Work order.
Only the lines that hold the word "Align" are wanted from this listing.

Information given.
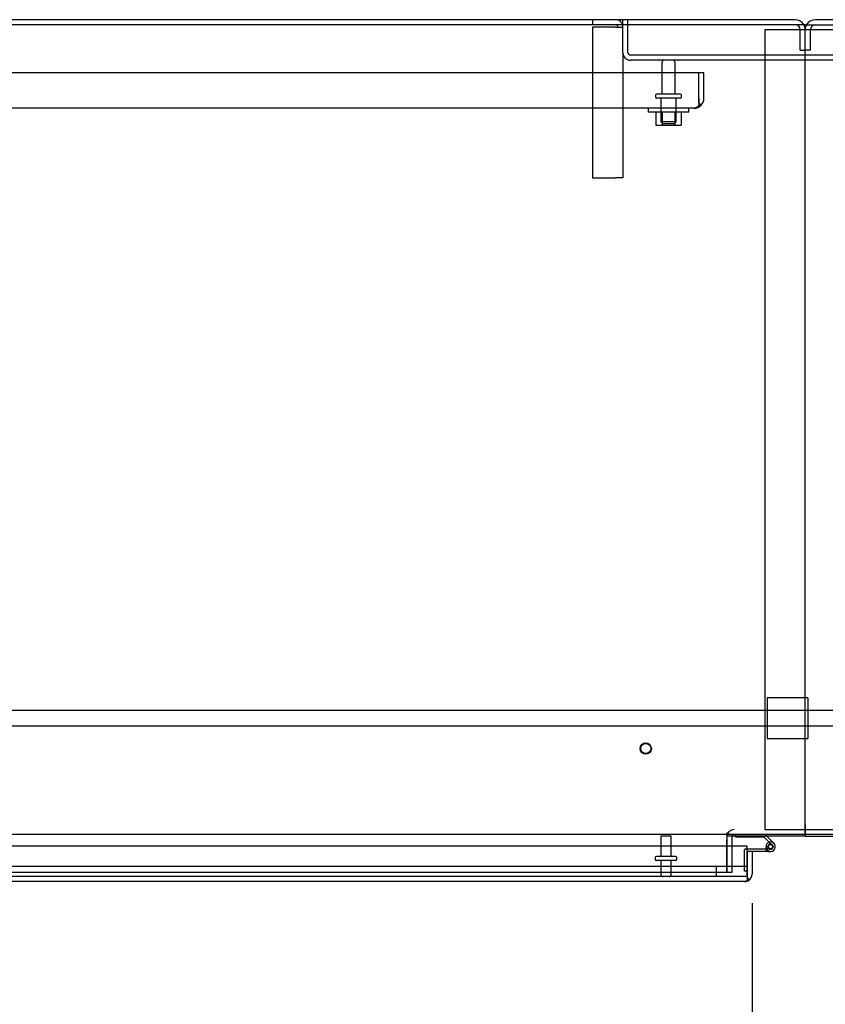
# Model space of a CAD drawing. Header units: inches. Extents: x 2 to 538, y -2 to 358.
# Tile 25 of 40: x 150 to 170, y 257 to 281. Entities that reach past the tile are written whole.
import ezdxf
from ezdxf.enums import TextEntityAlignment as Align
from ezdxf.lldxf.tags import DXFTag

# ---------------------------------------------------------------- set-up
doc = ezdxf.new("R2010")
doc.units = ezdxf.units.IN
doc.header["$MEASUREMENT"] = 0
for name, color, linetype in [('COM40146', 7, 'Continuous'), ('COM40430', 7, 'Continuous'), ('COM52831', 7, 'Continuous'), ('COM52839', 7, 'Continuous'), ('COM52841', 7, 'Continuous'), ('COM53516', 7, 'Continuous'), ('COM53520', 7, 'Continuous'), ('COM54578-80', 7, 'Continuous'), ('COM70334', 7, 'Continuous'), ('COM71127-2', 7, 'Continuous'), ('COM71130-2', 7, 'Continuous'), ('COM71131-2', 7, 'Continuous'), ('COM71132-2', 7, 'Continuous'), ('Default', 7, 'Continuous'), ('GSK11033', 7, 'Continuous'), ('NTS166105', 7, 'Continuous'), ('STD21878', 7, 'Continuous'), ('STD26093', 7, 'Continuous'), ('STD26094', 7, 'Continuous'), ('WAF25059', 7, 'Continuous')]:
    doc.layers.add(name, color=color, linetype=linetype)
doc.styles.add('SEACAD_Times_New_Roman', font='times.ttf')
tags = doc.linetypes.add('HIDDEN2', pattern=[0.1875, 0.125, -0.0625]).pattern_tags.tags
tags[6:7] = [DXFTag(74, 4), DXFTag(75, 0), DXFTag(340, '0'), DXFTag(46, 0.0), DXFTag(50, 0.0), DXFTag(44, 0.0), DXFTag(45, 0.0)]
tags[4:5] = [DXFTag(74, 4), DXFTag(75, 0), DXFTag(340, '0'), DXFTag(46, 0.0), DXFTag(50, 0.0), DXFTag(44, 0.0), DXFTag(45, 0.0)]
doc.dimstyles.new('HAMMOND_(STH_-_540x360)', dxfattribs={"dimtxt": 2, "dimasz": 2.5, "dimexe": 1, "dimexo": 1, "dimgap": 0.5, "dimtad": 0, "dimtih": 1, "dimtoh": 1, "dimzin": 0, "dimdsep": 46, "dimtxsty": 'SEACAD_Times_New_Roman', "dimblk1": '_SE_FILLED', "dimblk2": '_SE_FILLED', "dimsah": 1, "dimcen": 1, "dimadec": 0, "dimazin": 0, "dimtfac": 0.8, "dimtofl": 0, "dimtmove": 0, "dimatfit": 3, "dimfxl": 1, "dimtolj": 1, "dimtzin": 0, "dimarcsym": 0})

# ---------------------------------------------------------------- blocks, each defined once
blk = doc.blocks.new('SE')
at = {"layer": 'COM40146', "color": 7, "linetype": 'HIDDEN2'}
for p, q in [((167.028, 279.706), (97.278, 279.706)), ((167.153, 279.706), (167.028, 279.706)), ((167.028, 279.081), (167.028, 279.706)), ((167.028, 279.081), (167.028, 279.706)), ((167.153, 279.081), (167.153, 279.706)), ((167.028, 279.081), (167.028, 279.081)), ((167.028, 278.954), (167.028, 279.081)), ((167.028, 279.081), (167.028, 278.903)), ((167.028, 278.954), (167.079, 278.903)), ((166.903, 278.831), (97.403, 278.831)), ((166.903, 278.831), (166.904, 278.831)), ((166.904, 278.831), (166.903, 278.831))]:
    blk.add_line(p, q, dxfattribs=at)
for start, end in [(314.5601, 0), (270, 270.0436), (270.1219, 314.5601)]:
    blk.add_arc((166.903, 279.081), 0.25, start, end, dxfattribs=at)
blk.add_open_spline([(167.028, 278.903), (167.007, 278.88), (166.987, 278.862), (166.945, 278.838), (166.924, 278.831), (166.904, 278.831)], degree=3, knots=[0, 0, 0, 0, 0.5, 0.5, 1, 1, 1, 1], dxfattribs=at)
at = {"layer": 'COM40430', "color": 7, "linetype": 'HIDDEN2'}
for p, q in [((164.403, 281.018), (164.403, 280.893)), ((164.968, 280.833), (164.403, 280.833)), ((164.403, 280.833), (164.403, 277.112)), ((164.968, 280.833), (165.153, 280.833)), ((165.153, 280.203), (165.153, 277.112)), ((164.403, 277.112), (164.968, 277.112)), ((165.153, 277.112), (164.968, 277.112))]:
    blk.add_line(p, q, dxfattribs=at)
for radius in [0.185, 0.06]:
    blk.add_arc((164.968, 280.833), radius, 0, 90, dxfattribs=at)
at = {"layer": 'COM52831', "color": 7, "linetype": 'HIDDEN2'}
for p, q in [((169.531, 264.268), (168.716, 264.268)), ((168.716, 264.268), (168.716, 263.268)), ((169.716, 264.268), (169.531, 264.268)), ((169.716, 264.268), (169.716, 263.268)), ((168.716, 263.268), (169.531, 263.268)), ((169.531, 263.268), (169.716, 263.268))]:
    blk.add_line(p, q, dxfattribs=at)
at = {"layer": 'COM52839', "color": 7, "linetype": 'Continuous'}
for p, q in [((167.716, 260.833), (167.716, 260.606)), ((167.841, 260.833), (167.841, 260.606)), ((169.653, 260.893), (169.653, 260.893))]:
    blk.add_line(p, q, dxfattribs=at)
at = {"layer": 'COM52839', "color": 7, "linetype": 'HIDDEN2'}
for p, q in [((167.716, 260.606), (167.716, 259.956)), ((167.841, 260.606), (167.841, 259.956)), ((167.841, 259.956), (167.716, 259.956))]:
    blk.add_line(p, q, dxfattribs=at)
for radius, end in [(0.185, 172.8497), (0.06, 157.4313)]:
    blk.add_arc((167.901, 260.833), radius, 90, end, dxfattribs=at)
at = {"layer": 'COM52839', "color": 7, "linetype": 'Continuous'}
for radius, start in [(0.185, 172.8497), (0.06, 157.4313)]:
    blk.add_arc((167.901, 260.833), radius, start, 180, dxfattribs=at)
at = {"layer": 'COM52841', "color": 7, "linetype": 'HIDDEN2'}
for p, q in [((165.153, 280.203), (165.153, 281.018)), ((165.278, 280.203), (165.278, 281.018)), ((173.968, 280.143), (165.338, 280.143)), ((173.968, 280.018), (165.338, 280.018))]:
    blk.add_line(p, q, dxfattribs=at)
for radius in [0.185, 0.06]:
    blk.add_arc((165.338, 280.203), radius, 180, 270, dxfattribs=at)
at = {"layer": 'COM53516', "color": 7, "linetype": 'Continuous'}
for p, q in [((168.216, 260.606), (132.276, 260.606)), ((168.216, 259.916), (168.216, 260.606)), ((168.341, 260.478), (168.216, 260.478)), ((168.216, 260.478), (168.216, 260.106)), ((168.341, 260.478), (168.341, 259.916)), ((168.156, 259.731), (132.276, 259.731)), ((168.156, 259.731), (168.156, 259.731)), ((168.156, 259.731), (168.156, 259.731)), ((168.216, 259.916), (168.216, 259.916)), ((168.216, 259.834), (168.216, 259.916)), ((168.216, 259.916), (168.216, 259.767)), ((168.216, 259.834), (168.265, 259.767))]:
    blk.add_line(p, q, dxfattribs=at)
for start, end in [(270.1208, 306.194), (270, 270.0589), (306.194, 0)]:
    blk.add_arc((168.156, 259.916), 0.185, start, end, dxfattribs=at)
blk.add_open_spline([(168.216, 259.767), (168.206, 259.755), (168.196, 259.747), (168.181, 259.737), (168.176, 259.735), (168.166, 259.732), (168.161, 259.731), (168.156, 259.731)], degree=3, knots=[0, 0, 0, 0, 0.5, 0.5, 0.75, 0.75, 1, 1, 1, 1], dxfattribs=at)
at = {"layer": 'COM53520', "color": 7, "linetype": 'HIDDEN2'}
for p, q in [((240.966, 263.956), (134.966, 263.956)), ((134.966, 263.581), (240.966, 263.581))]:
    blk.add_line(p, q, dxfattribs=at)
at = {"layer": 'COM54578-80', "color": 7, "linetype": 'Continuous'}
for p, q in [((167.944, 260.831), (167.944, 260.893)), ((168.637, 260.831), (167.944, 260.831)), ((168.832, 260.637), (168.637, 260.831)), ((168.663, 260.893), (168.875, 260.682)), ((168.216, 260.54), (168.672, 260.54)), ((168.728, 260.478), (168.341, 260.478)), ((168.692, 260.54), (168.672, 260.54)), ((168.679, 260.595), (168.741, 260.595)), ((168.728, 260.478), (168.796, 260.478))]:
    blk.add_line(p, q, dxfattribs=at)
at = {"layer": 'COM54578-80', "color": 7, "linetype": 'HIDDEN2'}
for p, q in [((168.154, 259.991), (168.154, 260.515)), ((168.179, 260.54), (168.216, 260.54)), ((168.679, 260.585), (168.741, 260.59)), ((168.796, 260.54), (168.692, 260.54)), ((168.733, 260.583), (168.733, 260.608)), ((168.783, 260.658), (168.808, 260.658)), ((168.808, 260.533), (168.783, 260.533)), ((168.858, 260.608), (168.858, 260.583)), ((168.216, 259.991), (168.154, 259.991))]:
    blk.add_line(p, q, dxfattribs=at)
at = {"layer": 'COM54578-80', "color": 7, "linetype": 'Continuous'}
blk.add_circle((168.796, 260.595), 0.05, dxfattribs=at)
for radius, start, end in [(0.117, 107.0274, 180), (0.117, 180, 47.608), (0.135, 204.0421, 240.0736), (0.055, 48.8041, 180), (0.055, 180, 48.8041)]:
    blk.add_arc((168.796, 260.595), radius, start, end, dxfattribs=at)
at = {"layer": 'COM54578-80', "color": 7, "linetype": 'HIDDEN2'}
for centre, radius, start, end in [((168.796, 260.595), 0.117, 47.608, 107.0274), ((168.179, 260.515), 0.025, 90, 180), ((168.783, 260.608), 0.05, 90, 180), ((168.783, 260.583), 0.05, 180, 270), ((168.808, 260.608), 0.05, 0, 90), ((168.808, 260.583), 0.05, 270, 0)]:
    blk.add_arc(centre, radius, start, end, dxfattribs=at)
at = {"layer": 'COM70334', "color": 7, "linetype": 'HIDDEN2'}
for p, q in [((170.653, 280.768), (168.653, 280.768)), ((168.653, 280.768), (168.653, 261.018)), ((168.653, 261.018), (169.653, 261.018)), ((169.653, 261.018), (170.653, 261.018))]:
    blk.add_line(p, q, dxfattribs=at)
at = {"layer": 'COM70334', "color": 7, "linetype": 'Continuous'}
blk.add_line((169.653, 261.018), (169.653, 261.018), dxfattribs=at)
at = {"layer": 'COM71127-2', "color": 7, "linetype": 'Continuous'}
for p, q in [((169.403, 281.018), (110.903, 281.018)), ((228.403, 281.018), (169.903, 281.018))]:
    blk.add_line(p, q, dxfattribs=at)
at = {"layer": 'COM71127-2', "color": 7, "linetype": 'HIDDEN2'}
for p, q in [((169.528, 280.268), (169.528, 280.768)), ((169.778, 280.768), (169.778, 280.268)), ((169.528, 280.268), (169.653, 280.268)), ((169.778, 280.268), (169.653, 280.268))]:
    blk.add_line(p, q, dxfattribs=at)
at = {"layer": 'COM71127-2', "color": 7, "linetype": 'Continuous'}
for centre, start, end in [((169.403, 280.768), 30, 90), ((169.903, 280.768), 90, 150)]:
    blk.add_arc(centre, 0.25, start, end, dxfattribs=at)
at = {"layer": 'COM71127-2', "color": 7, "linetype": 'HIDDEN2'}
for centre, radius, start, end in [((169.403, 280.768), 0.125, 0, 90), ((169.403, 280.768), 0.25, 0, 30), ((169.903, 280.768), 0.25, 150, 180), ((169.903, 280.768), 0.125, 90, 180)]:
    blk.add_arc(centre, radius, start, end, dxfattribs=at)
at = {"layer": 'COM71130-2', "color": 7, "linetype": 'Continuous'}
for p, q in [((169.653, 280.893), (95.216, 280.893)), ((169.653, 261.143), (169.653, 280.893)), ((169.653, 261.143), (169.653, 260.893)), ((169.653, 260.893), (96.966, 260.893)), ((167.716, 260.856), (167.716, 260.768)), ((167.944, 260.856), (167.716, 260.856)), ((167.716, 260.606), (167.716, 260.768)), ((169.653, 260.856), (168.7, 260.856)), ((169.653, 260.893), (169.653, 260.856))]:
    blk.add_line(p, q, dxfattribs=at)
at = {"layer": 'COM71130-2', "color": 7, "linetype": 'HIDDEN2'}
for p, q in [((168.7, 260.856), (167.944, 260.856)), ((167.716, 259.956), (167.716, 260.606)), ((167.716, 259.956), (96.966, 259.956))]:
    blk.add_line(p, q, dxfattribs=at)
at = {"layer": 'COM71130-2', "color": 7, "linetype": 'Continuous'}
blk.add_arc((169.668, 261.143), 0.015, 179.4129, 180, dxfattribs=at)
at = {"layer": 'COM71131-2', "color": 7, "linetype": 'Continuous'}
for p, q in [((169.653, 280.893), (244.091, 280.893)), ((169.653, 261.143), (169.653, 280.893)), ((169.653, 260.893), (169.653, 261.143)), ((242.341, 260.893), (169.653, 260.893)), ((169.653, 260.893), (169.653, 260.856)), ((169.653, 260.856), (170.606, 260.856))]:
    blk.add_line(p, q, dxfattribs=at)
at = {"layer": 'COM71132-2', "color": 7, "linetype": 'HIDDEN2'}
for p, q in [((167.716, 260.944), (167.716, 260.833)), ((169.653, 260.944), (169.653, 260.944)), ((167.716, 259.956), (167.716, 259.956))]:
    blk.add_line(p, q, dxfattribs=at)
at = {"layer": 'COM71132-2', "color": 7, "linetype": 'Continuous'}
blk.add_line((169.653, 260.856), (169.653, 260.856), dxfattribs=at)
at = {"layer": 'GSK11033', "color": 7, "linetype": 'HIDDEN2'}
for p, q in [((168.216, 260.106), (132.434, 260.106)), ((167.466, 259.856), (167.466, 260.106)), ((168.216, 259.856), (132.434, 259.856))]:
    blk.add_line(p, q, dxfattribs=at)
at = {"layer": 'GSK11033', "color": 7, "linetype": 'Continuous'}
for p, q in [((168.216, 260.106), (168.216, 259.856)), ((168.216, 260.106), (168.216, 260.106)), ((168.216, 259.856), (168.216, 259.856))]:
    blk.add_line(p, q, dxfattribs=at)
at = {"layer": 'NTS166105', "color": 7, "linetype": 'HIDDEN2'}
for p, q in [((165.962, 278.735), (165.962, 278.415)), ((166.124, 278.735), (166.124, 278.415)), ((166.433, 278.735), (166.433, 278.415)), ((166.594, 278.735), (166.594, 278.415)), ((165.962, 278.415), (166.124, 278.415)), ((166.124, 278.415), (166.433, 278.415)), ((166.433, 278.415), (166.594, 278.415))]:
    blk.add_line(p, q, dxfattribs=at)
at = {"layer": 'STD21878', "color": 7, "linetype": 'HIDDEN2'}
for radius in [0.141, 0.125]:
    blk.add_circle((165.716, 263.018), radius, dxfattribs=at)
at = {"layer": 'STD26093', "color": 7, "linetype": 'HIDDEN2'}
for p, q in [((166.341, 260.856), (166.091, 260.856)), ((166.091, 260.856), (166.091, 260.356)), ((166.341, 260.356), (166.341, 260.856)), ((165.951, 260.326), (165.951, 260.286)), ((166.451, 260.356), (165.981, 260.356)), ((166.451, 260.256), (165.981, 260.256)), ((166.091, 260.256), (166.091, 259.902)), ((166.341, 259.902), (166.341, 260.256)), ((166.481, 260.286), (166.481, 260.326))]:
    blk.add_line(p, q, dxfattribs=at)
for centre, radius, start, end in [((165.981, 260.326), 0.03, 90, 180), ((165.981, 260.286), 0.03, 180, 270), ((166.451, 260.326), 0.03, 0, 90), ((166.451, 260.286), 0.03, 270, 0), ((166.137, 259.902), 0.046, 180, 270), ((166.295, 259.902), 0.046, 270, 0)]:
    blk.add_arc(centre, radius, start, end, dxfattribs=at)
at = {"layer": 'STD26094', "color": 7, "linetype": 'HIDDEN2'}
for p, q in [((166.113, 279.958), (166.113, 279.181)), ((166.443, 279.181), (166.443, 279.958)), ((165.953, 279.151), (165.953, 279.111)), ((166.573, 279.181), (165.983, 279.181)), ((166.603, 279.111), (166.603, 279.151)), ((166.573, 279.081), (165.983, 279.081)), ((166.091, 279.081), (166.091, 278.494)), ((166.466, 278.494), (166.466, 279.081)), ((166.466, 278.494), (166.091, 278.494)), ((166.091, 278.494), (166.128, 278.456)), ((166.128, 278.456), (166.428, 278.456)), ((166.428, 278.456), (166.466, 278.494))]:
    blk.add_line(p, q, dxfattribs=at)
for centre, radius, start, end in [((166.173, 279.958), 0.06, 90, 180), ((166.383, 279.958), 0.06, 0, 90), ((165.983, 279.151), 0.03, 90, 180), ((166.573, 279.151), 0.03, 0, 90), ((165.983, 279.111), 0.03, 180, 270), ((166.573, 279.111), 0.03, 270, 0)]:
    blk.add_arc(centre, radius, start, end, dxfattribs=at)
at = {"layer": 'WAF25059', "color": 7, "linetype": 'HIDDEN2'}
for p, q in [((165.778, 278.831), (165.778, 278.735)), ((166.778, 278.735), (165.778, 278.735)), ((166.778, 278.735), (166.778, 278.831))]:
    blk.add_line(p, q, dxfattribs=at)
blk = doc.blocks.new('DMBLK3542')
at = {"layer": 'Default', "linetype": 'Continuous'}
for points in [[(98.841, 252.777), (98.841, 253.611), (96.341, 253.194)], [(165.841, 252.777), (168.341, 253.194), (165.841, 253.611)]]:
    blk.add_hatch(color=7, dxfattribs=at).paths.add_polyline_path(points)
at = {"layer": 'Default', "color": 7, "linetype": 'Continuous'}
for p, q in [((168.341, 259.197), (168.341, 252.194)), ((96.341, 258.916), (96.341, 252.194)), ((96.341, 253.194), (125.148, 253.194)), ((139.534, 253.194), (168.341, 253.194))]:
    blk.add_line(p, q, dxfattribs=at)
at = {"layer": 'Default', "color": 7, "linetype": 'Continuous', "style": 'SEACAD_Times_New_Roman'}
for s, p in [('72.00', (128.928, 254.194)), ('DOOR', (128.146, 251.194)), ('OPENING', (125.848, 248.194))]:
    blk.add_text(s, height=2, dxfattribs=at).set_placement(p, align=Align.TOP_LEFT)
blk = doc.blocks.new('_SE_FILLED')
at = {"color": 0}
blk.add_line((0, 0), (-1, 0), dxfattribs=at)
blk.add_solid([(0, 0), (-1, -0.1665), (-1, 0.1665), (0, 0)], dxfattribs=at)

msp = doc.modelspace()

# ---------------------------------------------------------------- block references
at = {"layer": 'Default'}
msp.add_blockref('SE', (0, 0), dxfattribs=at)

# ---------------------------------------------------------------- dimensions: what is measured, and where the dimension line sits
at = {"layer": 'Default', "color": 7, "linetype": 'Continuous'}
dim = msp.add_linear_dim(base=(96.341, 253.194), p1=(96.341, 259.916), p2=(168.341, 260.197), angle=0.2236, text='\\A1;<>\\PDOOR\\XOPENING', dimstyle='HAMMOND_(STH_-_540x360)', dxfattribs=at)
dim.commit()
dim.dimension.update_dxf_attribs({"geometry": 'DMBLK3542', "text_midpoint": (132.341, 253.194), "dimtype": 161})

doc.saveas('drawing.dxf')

Result of the task.
from ezdxf.enums import TextEntityAlignment as Align
    blk.add_text(s, height=2, dxfattribs=at).set_placement(p, align=Align.TOP_LEFT)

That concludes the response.